Above we see distribution of V/V* for different \(\eta\) values. We see that for high value of \(\eta\), V/V* is highly concentrated around 1, indicating that there is often a perfectly even split between treatment and control groups. When \(\eta = 0\), then V/V* is no longer spiked at 1 but is multimodal with spies at lower values, meaning there is a significance chance of uneven split.

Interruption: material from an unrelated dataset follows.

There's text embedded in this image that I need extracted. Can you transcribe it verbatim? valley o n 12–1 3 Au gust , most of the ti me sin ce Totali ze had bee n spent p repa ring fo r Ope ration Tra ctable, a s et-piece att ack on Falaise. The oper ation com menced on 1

(c) We repeat a) and b) for \(n = 100\).

n <- 100     
reps <- 1000  
etas <- c(0, 1/6, 2/5)  

variances <- numeric(length(etas))

for (i in seq_along(etas)) {
  T_values <- simulate_biased_coin(n = n, eta = etas[i], reps = reps)
  variances[i] <- var(T_values)
}

results <- data.frame(Eta = etas, Variance = variances)

print(results)
##         Eta   Variance
## 1 0.0000000 24.6661772
## 2 0.1666667  1.1111752
## 3 0.4000000  0.1181181

Variance decreases rapidly as \(eta\) increases. For \(\eta = 0\), the empirical variance is 24.66, which is close to the true variance of \(np(1-p) = \frac{100}{4} = 25\). The variance for \(\eta = \frac{1}{6}\) and \(\eta = \frac{2}{5}\) for \(n = 100\) is less than the corresponding variance for \(n = 30\).

n <- 100     
reps <- 1000 
etas <- c(0, 1/6, 2/5)  

simulation_results <- data.frame()


for (eta in etas) {
  T_values <- simulate_biased_coin(n = n, eta = eta, reps = reps)
  V <- 1 / T_values + 1 / (n - T_values)
  
  T_star <- n / 2
  V_star <- 1 / T_star + 1 / (n - T_star)
  V_ratio <- V / V_star
  
  simulation_results <- rbind(simulation_results, 
                              data.frame(Eta = eta, T = T_values, V = V, V_ratio = V_ratio))
}

ggplot(simulation_results, aes(x = V_ratio, fill = as.factor(Eta))) +
  geom_density(alpha = 0.5) +
  xlim(0.99, 1.01) +  
  labs(title = "Distribution of V/V* for Different Eta Values",
       x = "V/V*",
       y = "Density",
       fill = "Eta") +
  theme_minimal()
## Warning: Removed 354 rows containing non-finite outside the scale range
## (`stat_density()`).

When \(n = 100\), the ratios are in general much closer to 1 compared to when \(n = 30\) due to law of large numbers. For nonzero \(eta\), the ratio is within (0.995, 1.005) with very high probability. For \(eta = 0\), the distribution is multimodal with peaks at 1, 1.003 and 1.007, but generally for all values of \(eta\) the distribution is highly concentrated around 1.